Information provided:
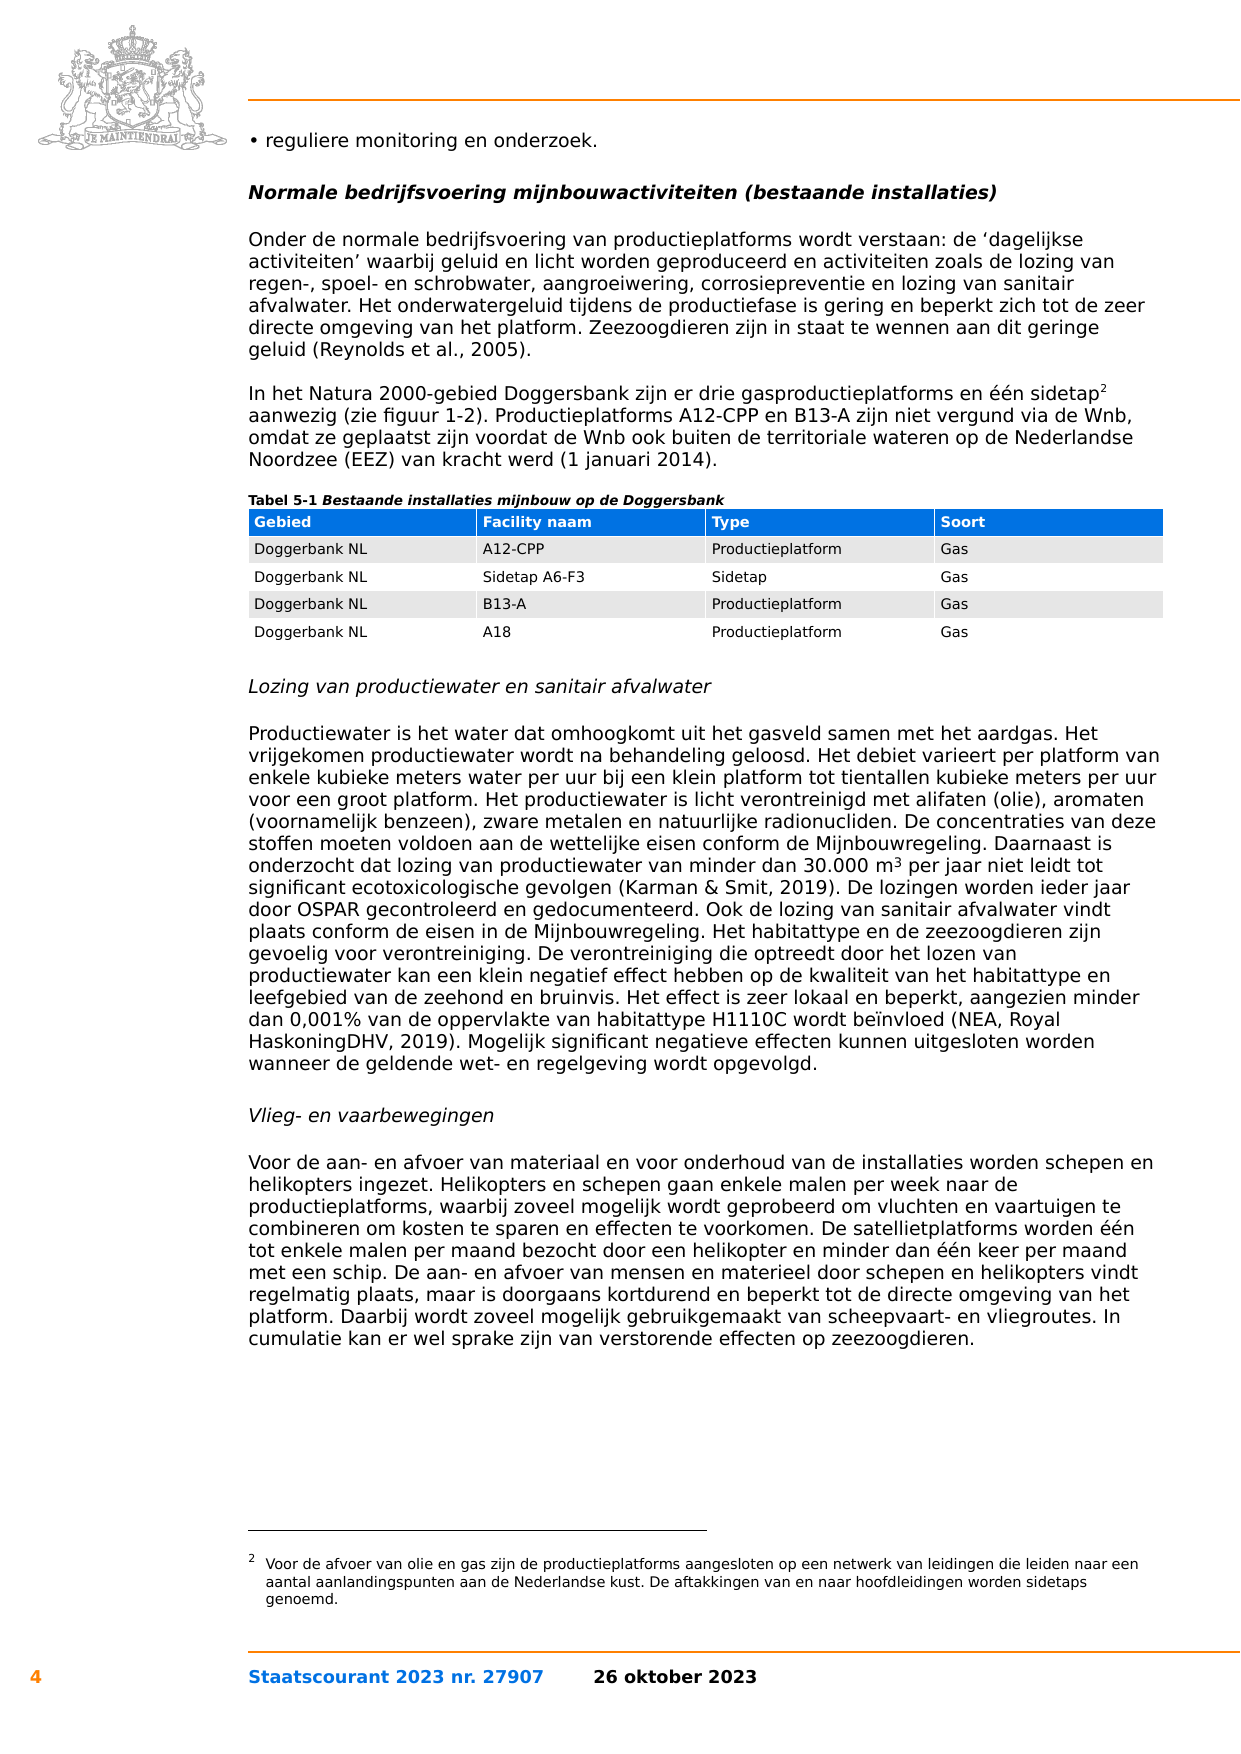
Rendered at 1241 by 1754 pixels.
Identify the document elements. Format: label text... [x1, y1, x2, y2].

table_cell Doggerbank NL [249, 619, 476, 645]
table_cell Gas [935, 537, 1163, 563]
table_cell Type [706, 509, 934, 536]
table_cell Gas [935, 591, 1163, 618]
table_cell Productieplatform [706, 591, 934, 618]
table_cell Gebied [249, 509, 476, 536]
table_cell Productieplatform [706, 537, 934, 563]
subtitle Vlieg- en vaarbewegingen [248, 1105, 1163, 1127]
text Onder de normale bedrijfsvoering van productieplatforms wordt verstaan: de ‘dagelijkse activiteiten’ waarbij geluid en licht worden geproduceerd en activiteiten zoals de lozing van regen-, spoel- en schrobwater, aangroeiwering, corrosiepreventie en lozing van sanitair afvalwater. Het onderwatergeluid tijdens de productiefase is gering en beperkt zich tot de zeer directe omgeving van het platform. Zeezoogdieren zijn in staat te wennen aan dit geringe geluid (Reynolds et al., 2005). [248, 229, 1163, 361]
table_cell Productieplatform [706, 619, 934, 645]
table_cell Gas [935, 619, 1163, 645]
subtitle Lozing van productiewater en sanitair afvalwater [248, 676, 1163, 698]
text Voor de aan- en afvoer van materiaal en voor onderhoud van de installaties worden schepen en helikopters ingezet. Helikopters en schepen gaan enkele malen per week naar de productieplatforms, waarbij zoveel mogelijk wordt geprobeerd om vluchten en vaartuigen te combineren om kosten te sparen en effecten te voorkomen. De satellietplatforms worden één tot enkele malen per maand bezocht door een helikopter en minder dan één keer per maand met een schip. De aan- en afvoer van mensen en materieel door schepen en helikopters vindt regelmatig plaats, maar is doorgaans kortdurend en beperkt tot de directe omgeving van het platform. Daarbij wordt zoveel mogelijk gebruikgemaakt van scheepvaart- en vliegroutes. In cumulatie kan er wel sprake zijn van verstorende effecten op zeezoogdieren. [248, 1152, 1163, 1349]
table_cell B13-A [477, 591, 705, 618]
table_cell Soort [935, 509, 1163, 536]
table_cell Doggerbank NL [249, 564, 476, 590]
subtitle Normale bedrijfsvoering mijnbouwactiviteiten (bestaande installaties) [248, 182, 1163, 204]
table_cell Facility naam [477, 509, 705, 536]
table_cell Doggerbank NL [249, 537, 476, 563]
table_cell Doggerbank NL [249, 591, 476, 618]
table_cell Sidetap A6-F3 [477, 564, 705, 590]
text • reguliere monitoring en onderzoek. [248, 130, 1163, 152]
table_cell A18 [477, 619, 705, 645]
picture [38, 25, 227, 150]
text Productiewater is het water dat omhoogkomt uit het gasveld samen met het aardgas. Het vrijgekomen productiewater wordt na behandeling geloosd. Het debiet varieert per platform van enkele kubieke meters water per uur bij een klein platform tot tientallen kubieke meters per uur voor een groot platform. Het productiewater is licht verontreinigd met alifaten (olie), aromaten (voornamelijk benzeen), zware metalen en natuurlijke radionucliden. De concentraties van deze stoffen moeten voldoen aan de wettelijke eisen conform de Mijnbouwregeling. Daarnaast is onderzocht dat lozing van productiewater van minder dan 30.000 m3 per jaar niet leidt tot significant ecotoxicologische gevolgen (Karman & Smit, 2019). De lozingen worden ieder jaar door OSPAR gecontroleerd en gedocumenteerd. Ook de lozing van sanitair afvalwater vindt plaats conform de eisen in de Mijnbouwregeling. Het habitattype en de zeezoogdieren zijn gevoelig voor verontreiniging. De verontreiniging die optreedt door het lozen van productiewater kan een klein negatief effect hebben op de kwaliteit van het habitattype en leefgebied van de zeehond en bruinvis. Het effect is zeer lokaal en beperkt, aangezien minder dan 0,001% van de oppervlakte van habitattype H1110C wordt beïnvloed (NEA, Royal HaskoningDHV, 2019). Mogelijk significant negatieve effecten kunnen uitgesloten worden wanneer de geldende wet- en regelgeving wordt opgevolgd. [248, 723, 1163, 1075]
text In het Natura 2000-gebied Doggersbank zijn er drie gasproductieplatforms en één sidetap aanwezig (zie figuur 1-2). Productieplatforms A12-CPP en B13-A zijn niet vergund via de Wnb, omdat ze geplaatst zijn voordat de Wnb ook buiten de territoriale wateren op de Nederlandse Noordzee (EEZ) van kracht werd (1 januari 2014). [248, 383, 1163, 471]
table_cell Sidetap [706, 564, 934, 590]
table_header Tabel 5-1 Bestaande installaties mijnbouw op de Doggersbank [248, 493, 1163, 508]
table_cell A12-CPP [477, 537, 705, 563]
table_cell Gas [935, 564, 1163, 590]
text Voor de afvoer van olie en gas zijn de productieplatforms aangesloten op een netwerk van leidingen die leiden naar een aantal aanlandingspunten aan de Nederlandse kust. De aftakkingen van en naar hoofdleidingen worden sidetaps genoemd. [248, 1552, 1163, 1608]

Exercise objective: Leaving the images out, print the records above exactly.

Expected answer:
Rendered at 1241 by 1754 pixels.
Identify the document elements. Format: label text... [x1, y1, x2, y2].

table_cell Doggerbank NL [249, 619, 476, 645]
table_cell Gas [935, 537, 1163, 563]
table_cell Type [706, 509, 934, 536]
table_cell Gas [935, 591, 1163, 618]
table_cell Productieplatform [706, 591, 934, 618]
table_cell Gebied [249, 509, 476, 536]
table_cell Productieplatform [706, 537, 934, 563]
subtitle Vlieg- en vaarbewegingen [248, 1105, 1163, 1127]
text Onder de normale bedrijfsvoering van productieplatforms wordt verstaan: de ‘dagelijkse activiteiten’ waarbij geluid en licht worden geproduceerd en activiteiten zoals de lozing van regen-, spoel- en schrobwater, aangroeiwering, corrosiepreventie en lozing van sanitair afvalwater. Het onderwatergeluid tijdens de productiefase is gering en beperkt zich tot de zeer directe omgeving van het platform. Zeezoogdieren zijn in staat te wennen aan dit geringe geluid (Reynolds et al., 2005). [248, 229, 1163, 361]
table_cell Productieplatform [706, 619, 934, 645]
table_cell Gas [935, 619, 1163, 645]
subtitle Lozing van productiewater en sanitair afvalwater [248, 676, 1163, 698]
text Voor de aan- en afvoer van materiaal en voor onderhoud van de installaties worden schepen en helikopters ingezet. Helikopters en schepen gaan enkele malen per week naar de productieplatforms, waarbij zoveel mogelijk wordt geprobeerd om vluchten en vaartuigen te combineren om kosten te sparen en effecten te voorkomen. De satellietplatforms worden één tot enkele malen per maand bezocht door een helikopter en minder dan één keer per maand met een schip. De aan- en afvoer van mensen en materieel door schepen en helikopters vindt regelmatig plaats, maar is doorgaans kortdurend en beperkt tot de directe omgeving van het platform. Daarbij wordt zoveel mogelijk gebruikgemaakt van scheepvaart- en vliegroutes. In cumulatie kan er wel sprake zijn van verstorende effecten op zeezoogdieren. [248, 1152, 1163, 1349]
table_cell B13-A [477, 591, 705, 618]
table_cell Soort [935, 509, 1163, 536]
table_cell Doggerbank NL [249, 564, 476, 590]
subtitle Normale bedrijfsvoering mijnbouwactiviteiten (bestaande installaties) [248, 182, 1163, 204]
table_cell Facility naam [477, 509, 705, 536]
table_cell Doggerbank NL [249, 537, 476, 563]
table_cell Doggerbank NL [249, 591, 476, 618]
table_cell Sidetap A6-F3 [477, 564, 705, 590]
text • reguliere monitoring en onderzoek. [248, 130, 1163, 152]
table_cell A18 [477, 619, 705, 645]
picture [38, 25, 227, 150]
text Productiewater is het water dat omhoogkomt uit het gasveld samen met het aardgas. Het vrijgekomen productiewater wordt na behandeling geloosd. Het debiet varieert per platform van enkele kubieke meters water per uur bij een klein platform tot tientallen kubieke meters per uur voor een groot platform. Het productiewater is licht verontreinigd met alifaten (olie), aromaten (voornamelijk benzeen), zware metalen en natuurlijke radionucliden. De concentraties van deze stoffen moeten voldoen aan de wettelijke eisen conform de Mijnbouwregeling. Daarnaast is onderzocht dat lozing van productiewater van minder dan 30.000 m3 per jaar niet leidt tot significant ecotoxicologische gevolgen (Karman & Smit, 2019). De lozingen worden ieder jaar door OSPAR gecontroleerd en gedocumenteerd. Ook de lozing van sanitair afvalwater vindt plaats conform de eisen in de Mijnbouwregeling. Het habitattype en de zeezoogdieren zijn gevoelig voor verontreiniging. De verontreiniging die optreedt door het lozen van productiewater kan een klein negatief effect hebben op de kwaliteit van het habitattype en leefgebied van de zeehond en bruinvis. Het effect is zeer lokaal en beperkt, aangezien minder dan 0,001% van de oppervlakte van habitattype H1110C wordt beïnvloed (NEA, Royal HaskoningDHV, 2019). Mogelijk significant negatieve effecten kunnen uitgesloten worden wanneer de geldende wet- en regelgeving wordt opgevolgd. [248, 723, 1163, 1075]
text In het Natura 2000-gebied Doggersbank zijn er drie gasproductieplatforms en één sidetap aanwezig (zie figuur 1-2). Productieplatforms A12-CPP en B13-A zijn niet vergund via de Wnb, omdat ze geplaatst zijn voordat de Wnb ook buiten de territoriale wateren op de Nederlandse Noordzee (EEZ) van kracht werd (1 januari 2014). [248, 383, 1163, 471]
table_cell Sidetap [706, 564, 934, 590]
table_header Tabel 5-1 Bestaande installaties mijnbouw op de Doggersbank [248, 493, 1163, 508]
table_cell A12-CPP [477, 537, 705, 563]
table_cell Gas [935, 564, 1163, 590]
text Voor de afvoer van olie en gas zijn de productieplatforms aangesloten op een netwerk van leidingen die leiden naar een aantal aanlandingspunten aan de Nederlandse kust. De aftakkingen van en naar hoofdleidingen worden sidetaps genoemd. [248, 1552, 1163, 1608]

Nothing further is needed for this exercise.